In reaching the conclusions found herein, the Court has considered the demeanor of all the evidence, exhibits and arguments of counsel regardless of whether or not they are specifically referred to in this Opinion.
Accordingly, it is
It is further ORDERED that the student loans of Plaintiff Yousef S. Gammoh be, and are hereby, held NONDISCHARGABLE in the amount of Three Thousand Five Hundred and 00/100 Dollars ($3,500.00) under 11 U.S.C. § 523(a)(8)(B).

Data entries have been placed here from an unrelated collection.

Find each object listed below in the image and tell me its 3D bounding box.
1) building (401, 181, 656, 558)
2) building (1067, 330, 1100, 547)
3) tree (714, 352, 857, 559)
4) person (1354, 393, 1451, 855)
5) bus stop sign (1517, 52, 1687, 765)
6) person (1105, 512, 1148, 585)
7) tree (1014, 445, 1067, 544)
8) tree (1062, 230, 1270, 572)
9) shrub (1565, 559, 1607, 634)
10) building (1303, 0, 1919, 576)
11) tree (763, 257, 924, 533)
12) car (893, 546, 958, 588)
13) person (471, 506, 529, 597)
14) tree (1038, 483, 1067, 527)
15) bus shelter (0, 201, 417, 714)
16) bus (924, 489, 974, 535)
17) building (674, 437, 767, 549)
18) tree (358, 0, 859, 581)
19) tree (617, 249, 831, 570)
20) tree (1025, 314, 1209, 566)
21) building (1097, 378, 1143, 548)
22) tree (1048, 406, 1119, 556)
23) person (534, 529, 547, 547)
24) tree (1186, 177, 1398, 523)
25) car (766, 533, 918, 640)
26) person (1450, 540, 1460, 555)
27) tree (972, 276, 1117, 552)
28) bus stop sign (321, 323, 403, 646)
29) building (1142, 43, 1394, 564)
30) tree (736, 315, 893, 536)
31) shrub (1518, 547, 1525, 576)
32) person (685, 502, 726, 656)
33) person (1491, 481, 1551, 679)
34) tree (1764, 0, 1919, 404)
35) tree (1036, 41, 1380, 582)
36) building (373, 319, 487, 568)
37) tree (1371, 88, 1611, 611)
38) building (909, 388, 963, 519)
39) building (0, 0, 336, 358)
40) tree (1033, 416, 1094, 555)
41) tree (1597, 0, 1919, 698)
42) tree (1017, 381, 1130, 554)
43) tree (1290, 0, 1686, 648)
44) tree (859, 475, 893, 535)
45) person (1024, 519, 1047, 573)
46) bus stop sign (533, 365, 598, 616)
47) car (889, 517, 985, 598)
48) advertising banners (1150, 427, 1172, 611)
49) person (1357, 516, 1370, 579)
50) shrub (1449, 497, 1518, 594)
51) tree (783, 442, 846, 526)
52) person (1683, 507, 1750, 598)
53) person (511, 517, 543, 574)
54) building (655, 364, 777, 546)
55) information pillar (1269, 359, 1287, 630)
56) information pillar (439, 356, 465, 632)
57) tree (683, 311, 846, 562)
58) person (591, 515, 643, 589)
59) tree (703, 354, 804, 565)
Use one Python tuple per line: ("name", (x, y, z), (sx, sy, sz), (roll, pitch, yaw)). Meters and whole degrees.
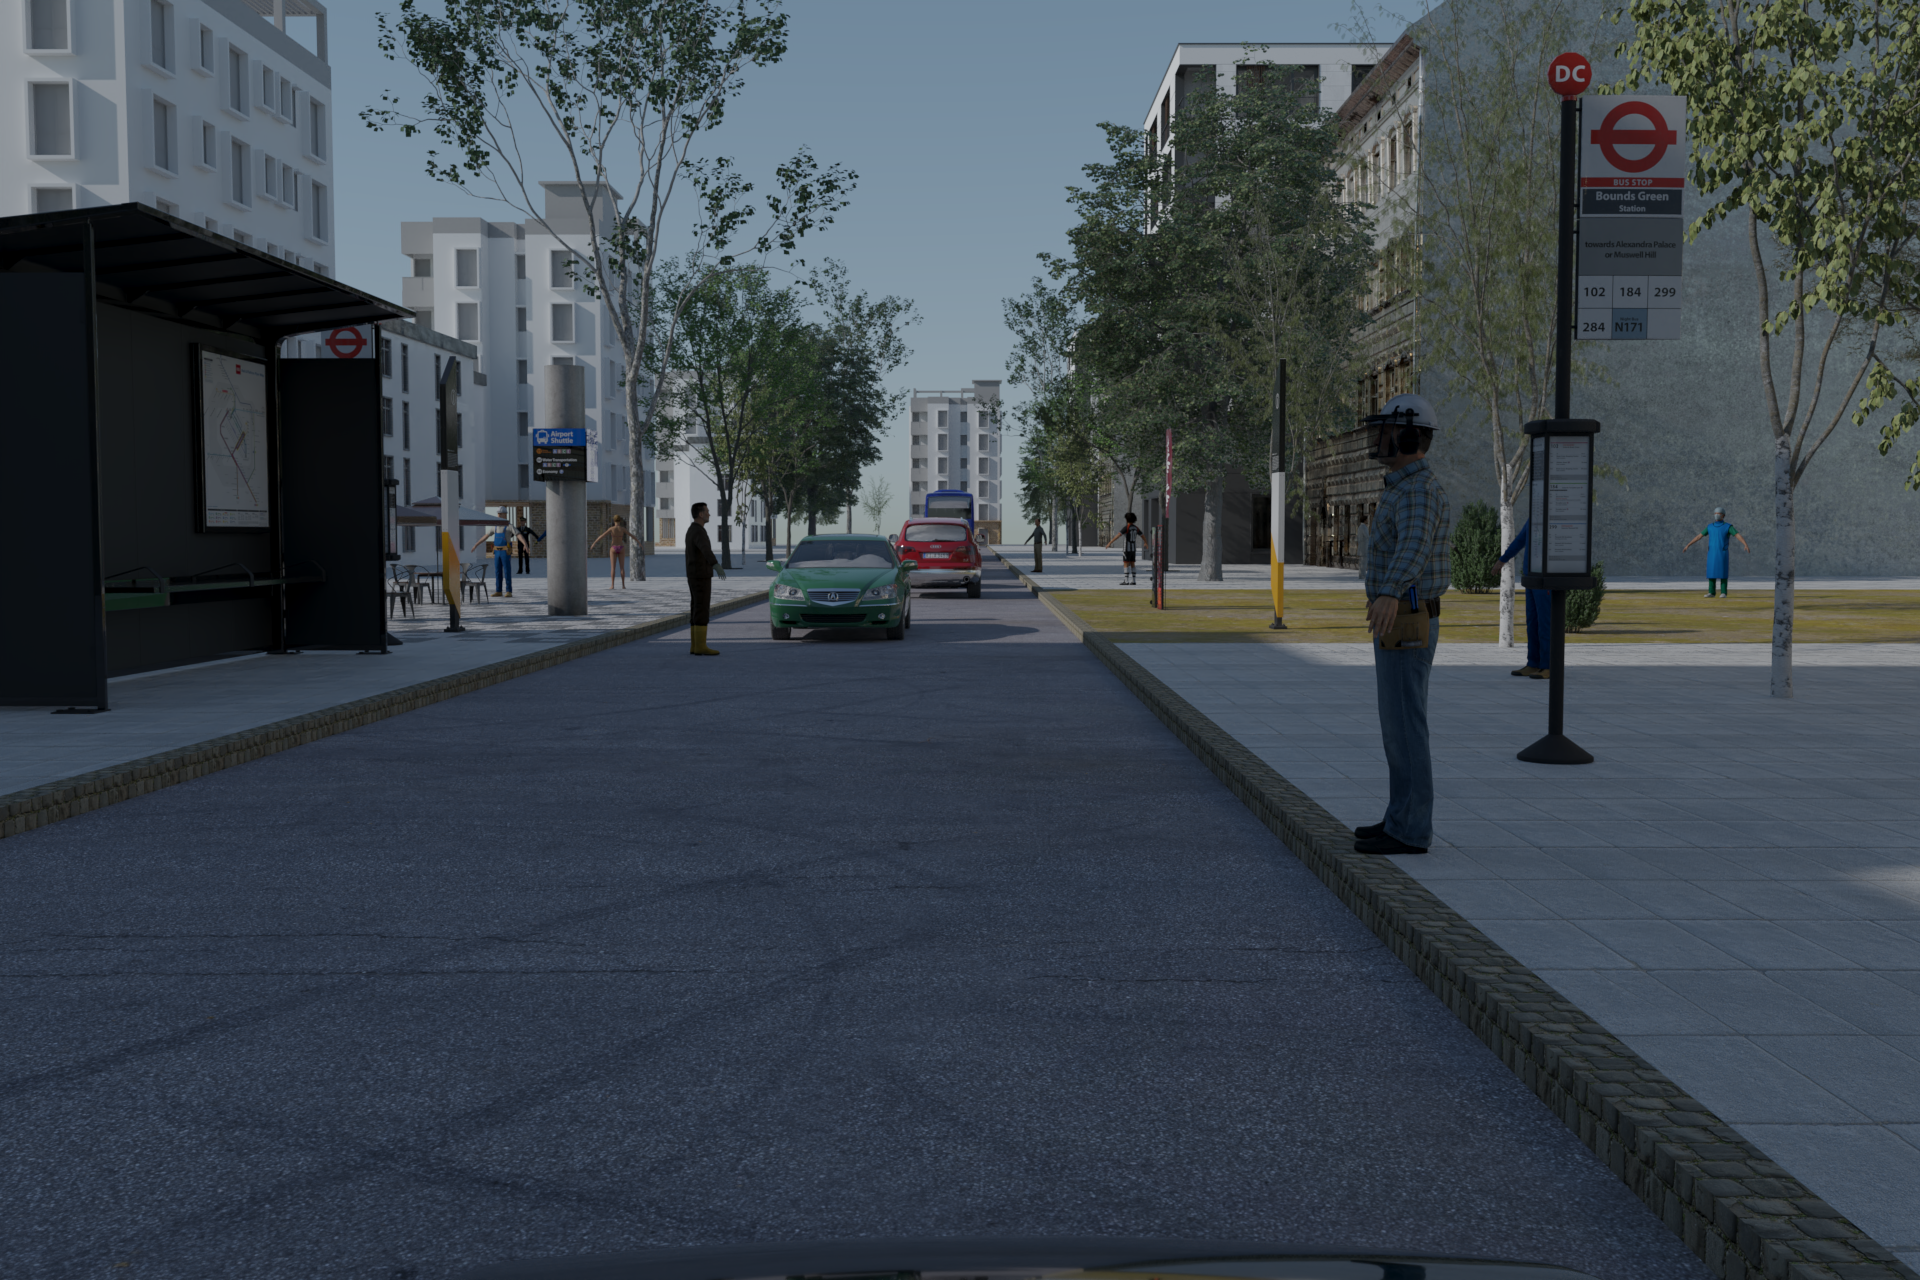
("building", (-23.886, -14.546, 94.244), (16.016, 20.090, 11.380), (0, 3, 0))
("building", (25.523, -21.168, 190.078), (27.936, 21.610, 32.646), (0, 4, 0))
("tree", (-9.022, -9.484, 89.469), (8.767, 10.594, 7.601), (1, 4, 13))
("person", (1.779, -0.075, 7.060), (0.704, 1.849, 1.345), (1, 4, 13))
("bus stop sign", (3.597, -1.285, 9.707), (0.855, 3.939, 0.416), (0, 4, 1))
("person", (4.235, -2.279, 43.404), (1.345, 1.843, 0.704), (-2, 4, -34))
("tree", (11.599, -19.053, 218.167), (9.857, 13.997, 8.962), (0, 3, 0))
("tree", (7.049, -8.150, 59.004), (9.928, 11.665, 9.643), (0, 3, 0))
("shrub", (7.883, -0.693, 22.446), (1.383, 1.207, 1.383), (0, 3, 0))
("building", (23.198, -14.072, 61.014), (19.493, 23.208, 18.063), (0, 4, 1))
("tree", (-9.009, -16.235, 121.334), (12.611, 20.169, 13.585), (0, 3, 0))
("car", (-0.918, -2.326, 47.075), (2.155, 1.783, 4.494), (0, 3, 0))
("person", (-9.333, -1.801, 35.302), (1.347, 1.847, 0.705), (1, 4, 19))
("tree", (12.124, -15.929, 210.798), (4.360, 8.622, 3.978), (0, 3, 0))
("bus shelter", (-6.643, -1.475, 15.397), (1.731, 3.624, 6.357), (0, 4, 0))
("bus", (-0.597, -6.314, 94.785), (2.896, 3.916, 12.251), (0, 4, -1))
("building", (-22.474, -13.521, 163.213), (9.099, 9.664, 28.070), (0, 4, 1))
("tree", (-8.877, -11.578, 45.181), (12.611, 20.169, 13.585), (0, 3, 0))
("tree", (-8.514, -8.384, 62.827), (9.928, 11.665, 9.643), (0, 3, 0))
("tree", (6.598, -8.216, 68.744), (8.767, 10.594, 7.601), (1, 4, 12))
("building", (23.049, -20.367, 163.921), (19.493, 23.208, 18.063), (0, 4, 1))
("tree", (6.933, -9.085, 98.907), (4.737, 8.622, 4.395), (0, 3, 0))
("person", (-12.255, -2.854, 52.630), (1.349, 1.833, 0.705), (-1, 4, -11))
("tree", (6.517, -5.279, 36.668), (4.360, 8.622, 3.978), (0, 3, 0))
("car", (-1.655, -0.803, 24.931), (2.131, 1.459, 4.920), (0, 3, 0))
("person", (8.823, -1.655, 32.822), (0.705, 1.858, 1.354), (-3, 5, -42))
("tree", (7.260, -16.504, 125.736), (12.611, 20.169, 13.585), (0, 3, 0))
("bus stop sign", (-6.884, -1.909, 19.920), (0.855, 3.939, 0.416), (0, 4, 0))
("building", (23.062, -14.969, 88.719), (27.936, 21.610, 32.646), (0, 4, 0))
("tree", (-8.836, -11.949, 102.023), (9.857, 13.997, 8.962), (0, 3, 0))
("shrub", (13.132, -2.065, 38.181), (1.690, 2.028, 1.600), (0, 3, 0))
("person", (-3.050, -0.730, 20.531), (0.704, 1.812, 1.346), (-1, 4, -22))
("person", (5.166, -0.586, 15.461), (0.705, 1.842, 1.347), (-1, 4, -10))
("tree", (19.470, -7.293, 29.609), (12.009, 13.543, 11.850), (0, 3, 0))
("tree", (6.839, -8.572, 46.805), (9.857, 13.997, 8.962), (0, 3, 0))
("building", (-26.044, -8.272, 77.401), (9.099, 9.664, 28.070), (0, 4, 1))
("tree", (9.253, -4.801, 28.856), (4.360, 8.622, 3.978), (0, 3, 0))
("building", (-5.999, -21.891, 216.792), (11.380, 20.090, 16.016), (0, 4, 3))
("building", (-27.491, -11.787, 49.137), (16.016, 20.090, 11.380), (0, 4, 1))
("tree", (6.564, -9.540, 106.335), (4.737, 8.622, 4.395), (0, 3, 0))
("tree", (6.508, -3.839, 13.133), (4.737, 8.622, 4.395), (0, 3, 0))
("tree", (7.579, -11.453, 113.013), (9.928, 11.665, 9.643), (0, 3, 0))
("tree", (6.380, -4.230, 19.516), (4.360, 8.622, 3.978), (0, 3, 0))
("tree", (-9.675, -15.978, 211.598), (4.360, 8.622, 3.978), (0, 3, 0))
("person", (2.579, -3.152, 57.810), (0.705, 1.796, 1.348), (-2, 4, -29))
("bus stop sign", (-6.200, -2.340, 27.270), (0.837, 3.901, 0.837), (0, 4, 0))
("car", (-0.542, -1.934, 40.294), (2.281, 1.827, 5.304), (0, 4, 0))
("advertising banners", (3.418, -2.034, 29.437), (0.090, 3.025, 2.074), (0, 4, -2))
("person", (11.484, -2.627, 49.139), (0.705, 1.806, 1.347), (0, 4, -4))
("shrub", (11.097, -2.026, 37.174), (1.661, 2.075, 1.752), (0, 3, 0))
("tree", (-17.954, -18.654, 211.651), (9.857, 13.997, 8.962), (0, 3, 0))
("person", (15.228, -1.754, 34.805), (0.704, 1.817, 1.347), (-3, 5, -42))
("person", (-14.022, -3.038, 55.598), (1.347, 1.837, 0.705), (0, 4, 3))
("building", (-25.526, -19.795, 180.059), (16.016, 20.090, 11.380), (0, 4, 1))
("information pillar", (4.305, -1.961, 23.415), (0.183, 3.616, 0.504), (0, 4, -1))
("information pillar", (-6.653, -1.912, 22.609), (0.183, 3.616, 0.504), (0, 4, 0))
("tree", (-8.897, -9.435, 80.023), (9.928, 11.665, 9.643), (0, 3, 0))
("person", (-8.031, -2.066, 40.584), (1.217, 1.733, 0.721), (-1, 4, -17))
("tree", (-8.805, -7.436, 71.949), (4.737, 8.622, 4.395), (0, 3, 0))

It is further ORDERED that the student loans of Plaintiff Ruth E. Gammoh be, and are hereby, held NONDISCHARGABLE in the amount of Two Thousand and 00/100 Dollars ($2000.00) under 11 U.S.C. § 523(a)(8)(B).
It is further ORDERED that all of the remainder of the Plaintiffs’ educational loans and all interest be, and are hereby, held to be DISCHARGEABLE under 11 U.S.C. § 523(a)(8)(B).
It is further ORDERED that the parties submit to the Court, within fourteen (14) days, a schedule for repayment of the above debt within six (6) years of the date of this Order.